If you talk to enough gay and lesbian people, you start to realize that the best way to understand homosexuality is if you imagine your own life as a heterosexual, except that you find yourself involuntarily attracted to people of the same sex for reasons beyond your control or understanding. If that were your experience, how would you relate to people? How would you date? How would dream about your future? Just as a straight person simply experiences heterosexual attraction, a gay person also simply experiences homosexual attraction without having made a choice about it. And because sexual orientation affects every relationship you have, it becomes a part of your identity and a part of the secondary choices you make for your life. Heterosexual people fall in love with opposite sex partners and seek to have their love recognized in the eyes of society through the institution of civil marriage. Homosexual people have the same goals and desires for themselves except that their desired marriages will be to same sex partners.

And so, I don't see the point in taking a public stand against gay civil marriage, which I see as a movement to create space in society for people of a certain identity by legally protecting them and their relationships. The fact of their existence simply needs to be accepted and acknowledged. That's why when I hear Christians speak of homosexuality as if it were a "plague" in society that needs to be stopped or protested against, I can only conclude that they haven't actually understood what it means to be gay or lesbian.

In my view, Christians should either stop agitating against gay rights altogether, or positively support them. A humane and civilized society should allow gay and lesbian people to enter into civil marriages, find their place in society, and continue to make the positive contributions they make to our work force and military and in the raising of children. We'd all be better off if we just let them have their space.

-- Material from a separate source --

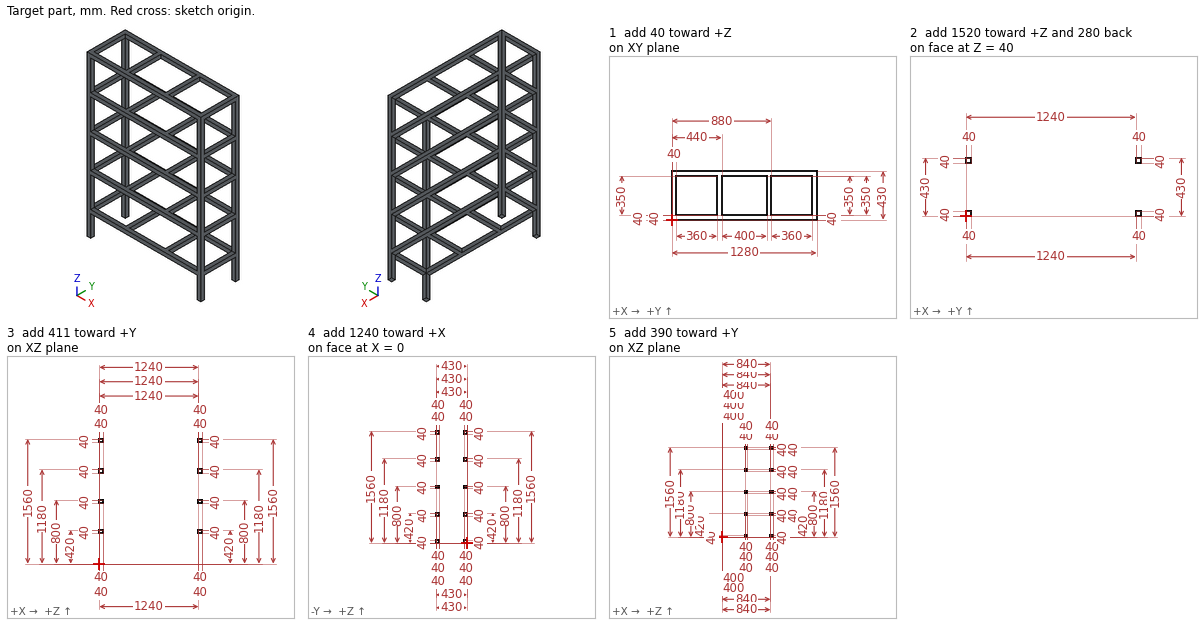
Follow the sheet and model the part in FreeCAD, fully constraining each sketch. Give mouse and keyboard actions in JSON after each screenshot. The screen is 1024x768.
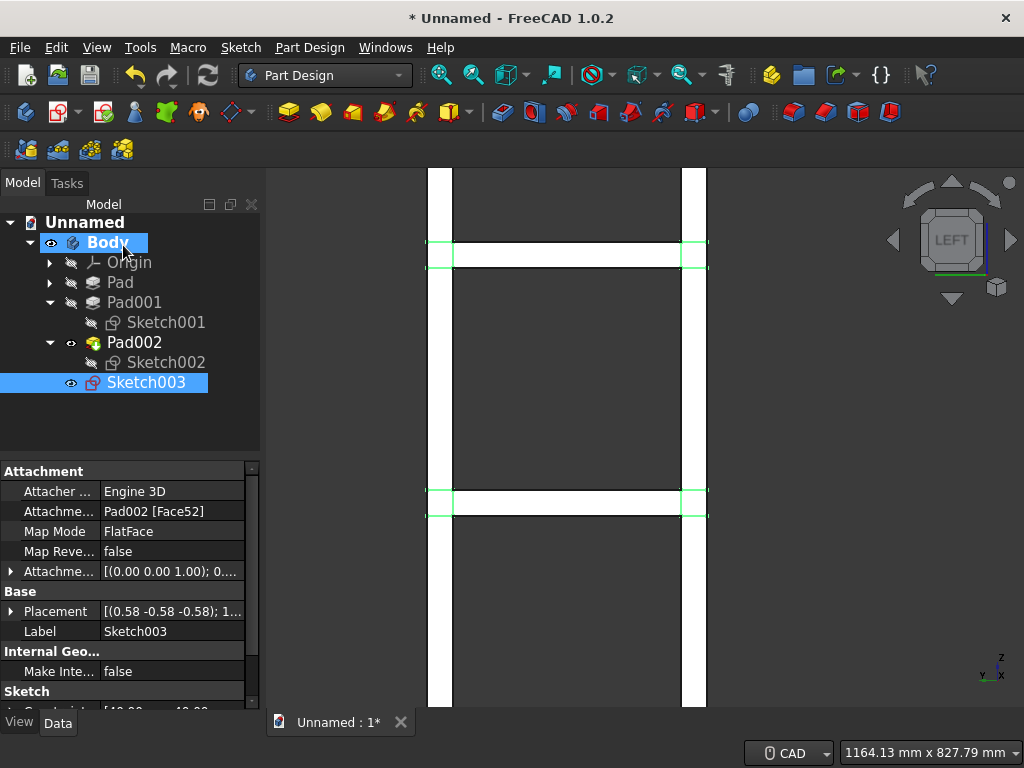
{"action": "left_click", "coordinate": [290, 112]}

If in the church we want to ban gay marriages for our own religious reasons, that's our right under the First Amendment. And I think people in society would be a lot more sympathetic of our right to hold to our religious beliefs if we weren't perceived as trying to push those beliefs into the civil arena.

In short, I think every "issue" needs to be examined up close and rationally, and then treated according to what it is. Homosexuality is entirely unique, in my view, and can't be compared with any other category of what the church acknowledges to be "sin." I guess that's why I never tire of thinking about these things and blogging on them.

Misty

Jonathan Bryden said...

Thanks Misty for such a detailed response. It has helped me understand how you view the gay community and your passion to empathize with someone who struggles with homosexual attractions in our society. Your empathy is impressive and shows a true desire to love. I do admire that.

I suppose the struggle I am having surrounds the message of the gospel and how it relates to the gay community. I want, above all else for people to see Jesus as He truly is, give their lives to Him and find new life in Him no matter who you are or where you come from. The gospel or the 'good news' is that Jesus has made a way to restore our broken relationship with God by sacrificing his perfect life, becoming sin for us, dying on a cross and raising back to life to completely remove our sins. Amazing news!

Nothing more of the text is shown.